Part 4 of ATCSA grants the Home Secretary the power to deport or detain indefinitely any non-citizen he reasonably believes to be an international terrorist. This power is a long-standing feature of immigration law, and specifically exempted in Article 5 of the European Convention on Human Rights (ECHR, 1950) from the general prohibition on detention without trial and conviction. In this sense it is relatively uncontroversial.
But the use of such power presented a problem for the British government. If they decided to deport someone they suspected of terrorism back to a country where that person was likely to be put at risk from torture or other inhuman and degrading treatment, then although allowed by Article 5 it would breach Article 3 of the ECHR. If this prevented the eventual removal of the non-citizen, it would prevent also detention pending removal, thus rendering the governments technical right to detain invalid.
So in order to be able to detain non-nationals without trial the government decided to opt out of (or derogate) from Article 5 of the convention. Such derogation can only be done under the conventions Article 15 if there is a war or public emergency threatening the life of the nation; and in that case, the measures taken must be limited to the extent strictly required by the exigencies of the situation.
Parliamentary unease at this proposal led to a number of compromises. Part 4 was to be reviewed annually, and to expire in 2006. Moreover, the Special Immigration Appeals Commission (Siac) was supposed to provide a form of appeal in every case. The government has argued that the supervisory role of Siac is an adequate substitute for a trial. It does resemble a trial in that a special advocate is present at closed hearings on behalf of the detainee and has access to all the evidence. But the special advocate is not allowed to talk to the detainee after seeing the closed evidence, so the detainee has no opportunity to challenge it. This is a clear breach of the rights of the detainee. Two of the special advocates have already resigned over this point.
The passing of ATCSA meant that for the first time since 1945 the executive was given power to detain indefinitely without a charge being laid, and, crucially, without the detainee having the opportunity of answering the evidence by which the detention is justified.
Amidst the clash of arms the laws are not silent
These executive assaults on historic liberties have not gone unchallenged by civil liberties groups, human-rights lawyers and even the judicial establishment itself. On 16 December 2004, a magnificent decision by the House of Lords upheld appeals by nine detainees against their detention, quashed the order derogating from Article 5 of the ECHR (by a majority of 8-1), and declared the detention power in Part 4 of ATCSA incompatible with Articles 5 and 14 of the convention. They held it to be disproportionate and discriminatory.
The effect of the decision was to render the detentions unlawful as a violation of the convention. However, because the structure of the Human Rights Act does not permit the courts to invalidate legislation but merely to make a declaration of its incompatibility with the convention, Part 4 remains in force pending its repeal. As a technical matter of law, therefore, the government can justify delaying the release of the detainees, but it is quite clear that they must take steps to comply with the House of Lords ruling either by fresh legislation or by using the powers in Section 10 of the Human Rights Act to amend the ATCSA to remove the incompatibility. If it fails to do so promptly it is likely to face a challenge in the European Court of Human Rights.

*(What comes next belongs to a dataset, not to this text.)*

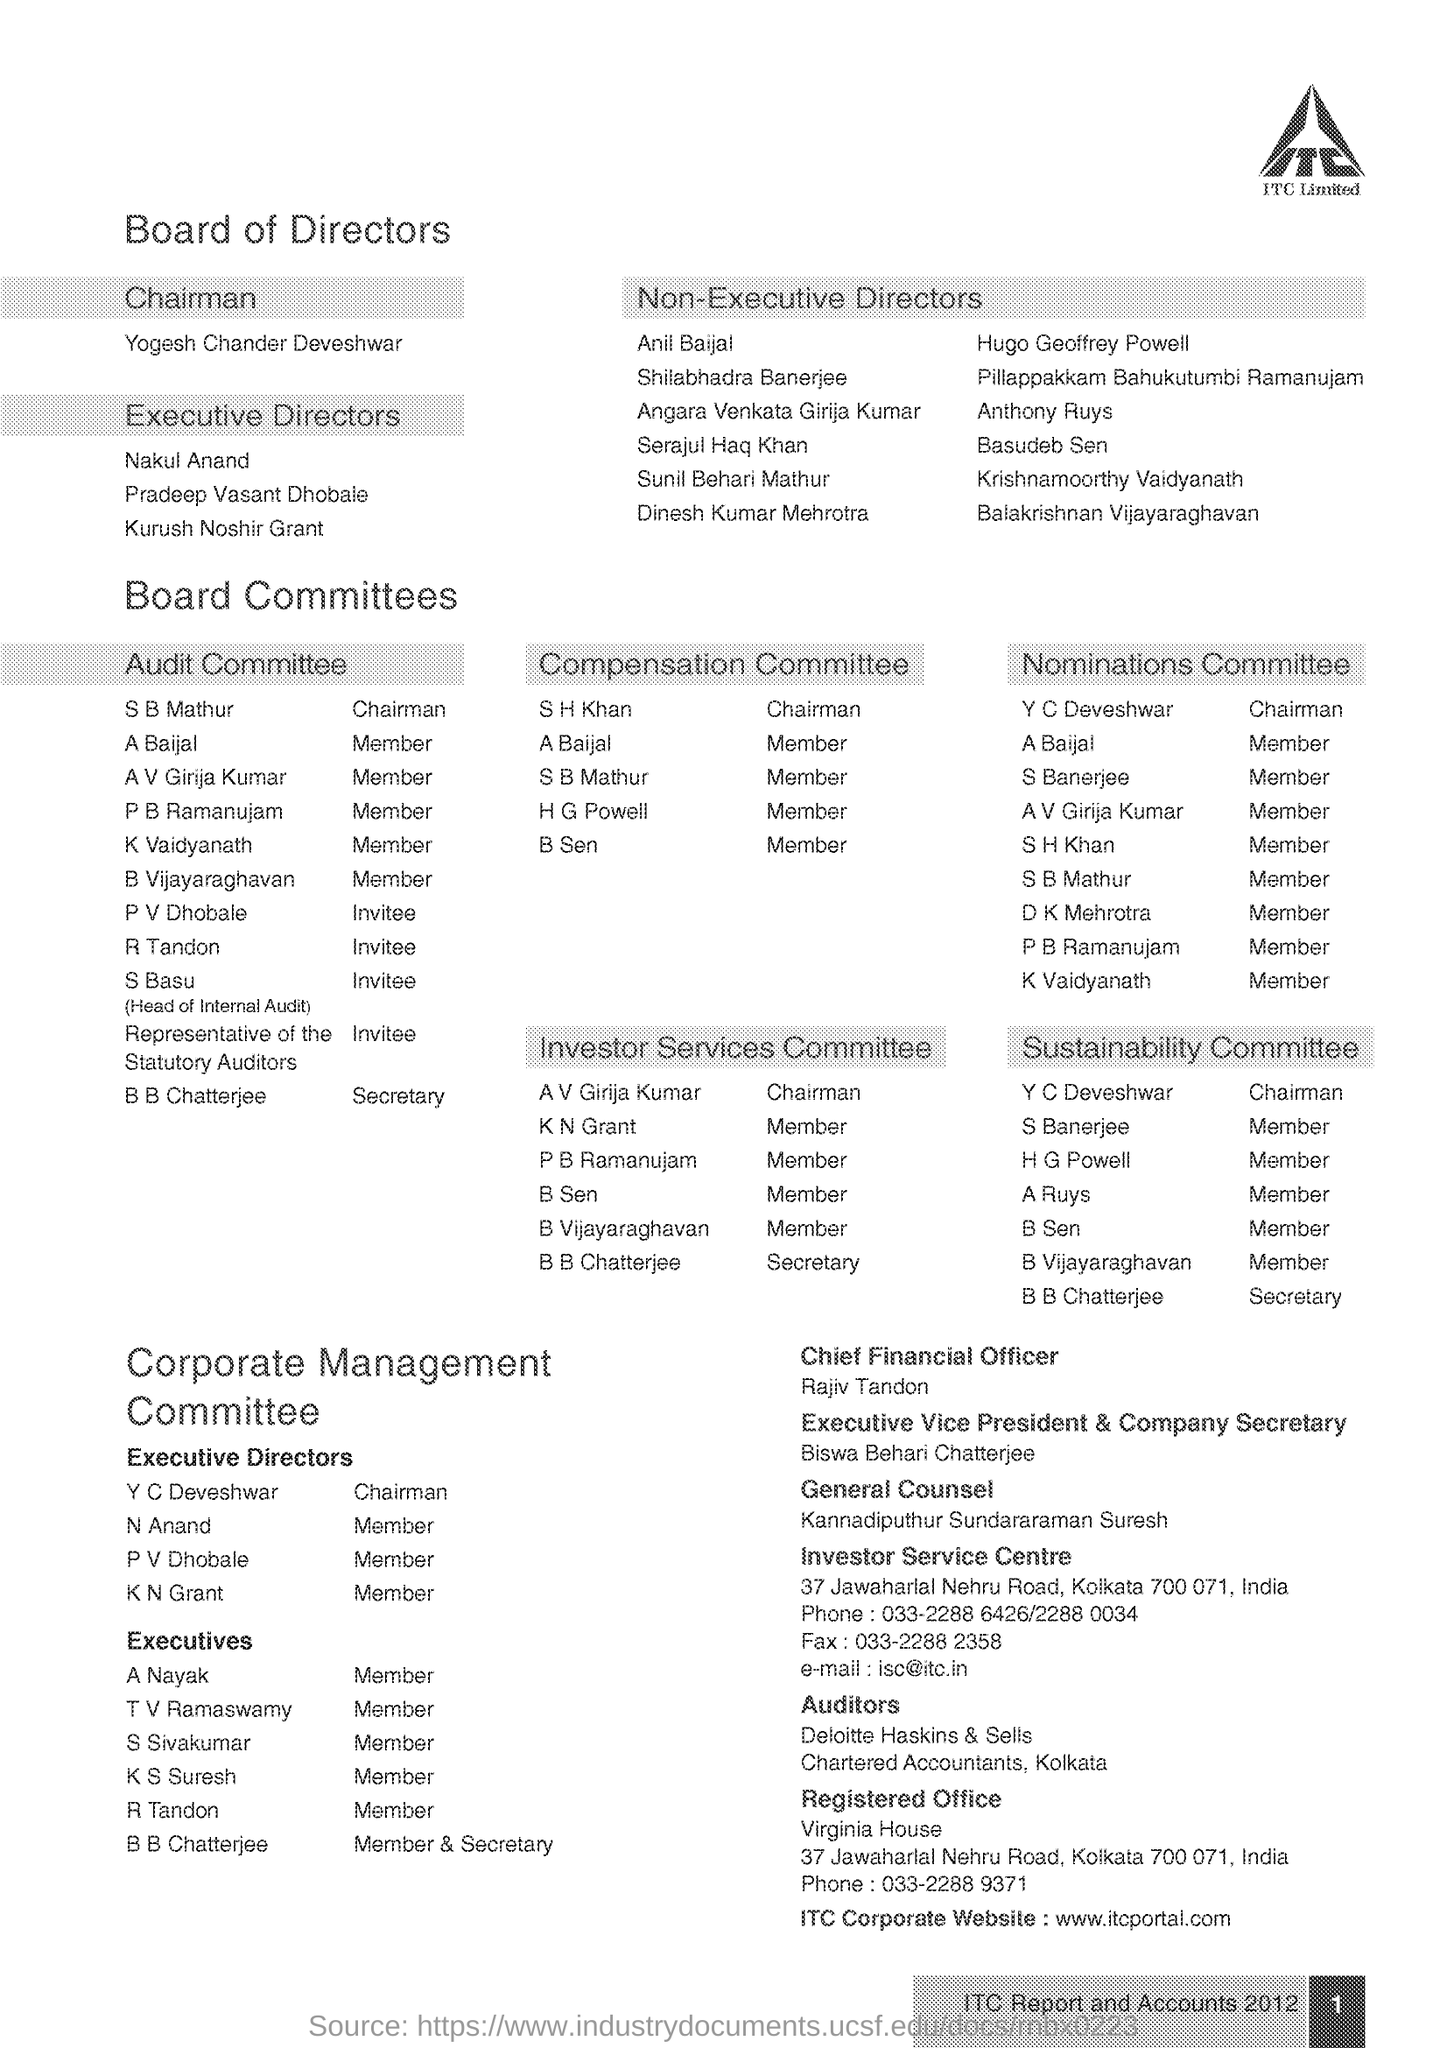Outline some significant characteristics in this image. According to the document, Kannadiputhur Sundararaman Suresh is the General Counsel. The Chairman of the Board of Directors is Yogesh Chander Deveshwar. Biswa Behari Chatterjee is the Executive Vice President and Company Secretary of a company. ITC Limited is led by Rajiv Tandon, who serves as the Chief Financial Officer of the company. The Chairman of the Audit Committee is S.B. Mathur. 
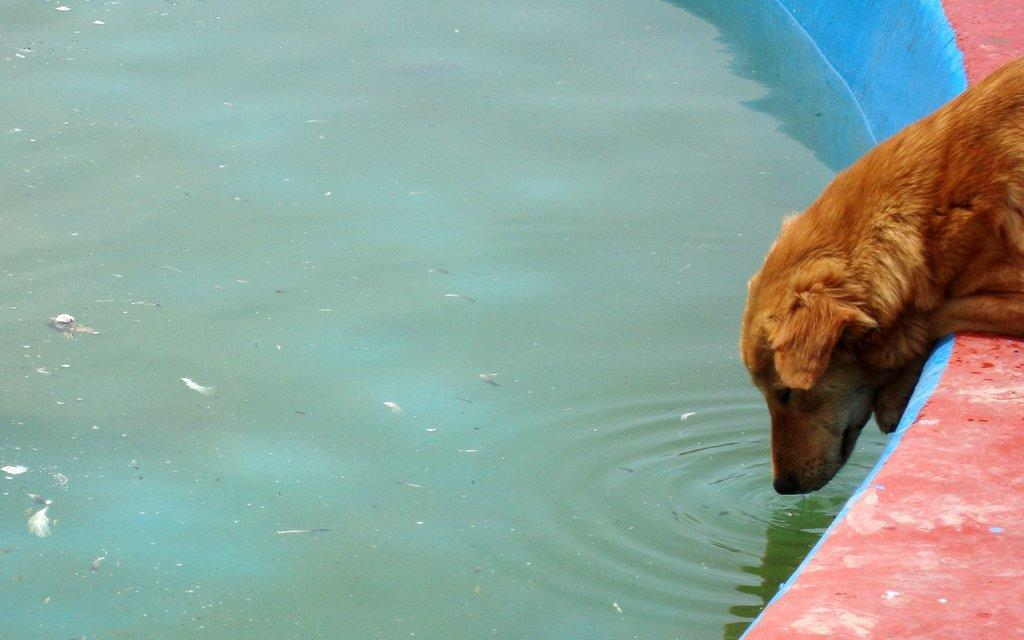What type of animal is in the image? There is a dog in the image. What is the dog doing in the image? The dog is sitting in the image. Where is the dog located in relation to the water? The dog is near the water in the image. What type of play equipment can be seen near the dog in the image? There is no play equipment visible near the dog in the image.

Repeal is therefore urgent. Of course the government has a duty to protect its people, and the threat of terrorism is real, but the solution is clear: to charge those believed to pose a threat to our security with the appropriate offence and bring them before a court. Ordinary criminal law is perfectly adequate for dealing with those who pose a genuine threat if some minor modifications were introduced. Evidence obtained from telephone tapping should be made admissible. There is support for this change from the police and from the campaigning group Liberty. In relation to the anxiety that revealing the identity of security personnel as witnesses might endanger them a judge could be authorised to allow the identity of a witness to be concealed but this must be a matter for judicial decision rather than executive order.
The welcome to the House of Lords ruling of 16 December should be cautious, however. Only one judge, Lord Hoffman, rejected Part 4 on constitutional principle; the other eight did so because the law contained an inherent inconsistency, agreeing too with the government that there was a public emergency of sufficient severity to justify derogation from Article 5.
In this light, the governments subsequent house arrest proposal appears an effort to bypass the Lords overall judgment against Part 4 by a government that believes it can win any further challenge in the courts.
This article is adapted from Geoffrey Bindmans inaugural lecture as visiting professor of law at London South Bank University on 8 February 2005
Meanwhile hundreds remain detained without trial throughout the world, the silent victims of a new kind of war, imprisoned by governments who claim the moral high ground in regards to human rights and the rule of law.
It is a disturbing feature of current British and American governments whose nations have reason to be proud of and to cherish their legal traditions that in the guise of protecting the public they are ready to abandon principles which are the hallmark of democracy. These are the values we seek to defend and to export to those countries which we see as less fortunate. We are entitled to expect our governments to respect the rule of law and to understand and learn from the lessons of history.